#### Data
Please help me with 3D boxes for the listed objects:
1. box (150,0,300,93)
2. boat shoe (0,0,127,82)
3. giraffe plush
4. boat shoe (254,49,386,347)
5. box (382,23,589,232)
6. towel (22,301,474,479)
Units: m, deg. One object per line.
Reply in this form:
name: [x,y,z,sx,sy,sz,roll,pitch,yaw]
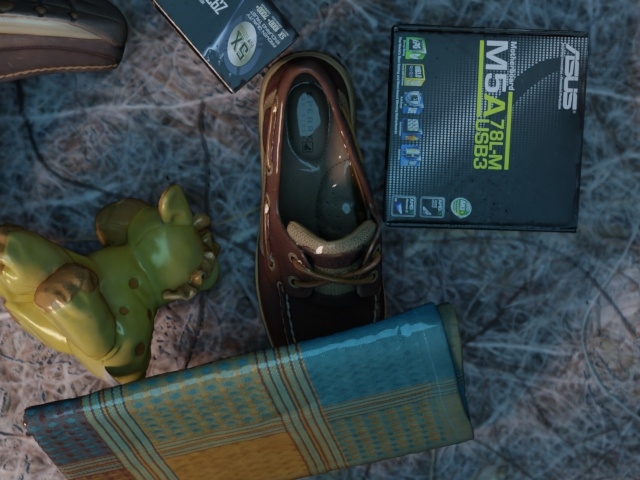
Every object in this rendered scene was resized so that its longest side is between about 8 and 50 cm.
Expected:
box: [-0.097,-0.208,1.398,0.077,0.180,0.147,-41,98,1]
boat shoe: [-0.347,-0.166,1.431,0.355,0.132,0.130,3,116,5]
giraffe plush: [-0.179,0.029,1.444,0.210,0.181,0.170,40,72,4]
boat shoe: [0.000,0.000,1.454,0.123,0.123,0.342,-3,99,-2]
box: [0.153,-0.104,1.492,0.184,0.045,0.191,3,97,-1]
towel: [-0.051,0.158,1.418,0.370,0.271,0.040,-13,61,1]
########
Task >>
Take the line that contains "Every object in" and every line after it in the material above. Set those lines down exactly and nothing more.

Written solution >>
Every object in this rendered scene was resized so that its longest side is between about 8 and 50 cm.
Expected:
box: [-0.097,-0.208,1.398,0.077,0.180,0.147,-41,98,1]
boat shoe: [-0.347,-0.166,1.431,0.355,0.132,0.130,3,116,5]
giraffe plush: [-0.179,0.029,1.444,0.210,0.181,0.170,40,72,4]
boat shoe: [0.000,0.000,1.454,0.123,0.123,0.342,-3,99,-2]
box: [0.153,-0.104,1.492,0.184,0.045,0.191,3,97,-1]
towel: [-0.051,0.158,1.418,0.370,0.271,0.040,-13,61,1]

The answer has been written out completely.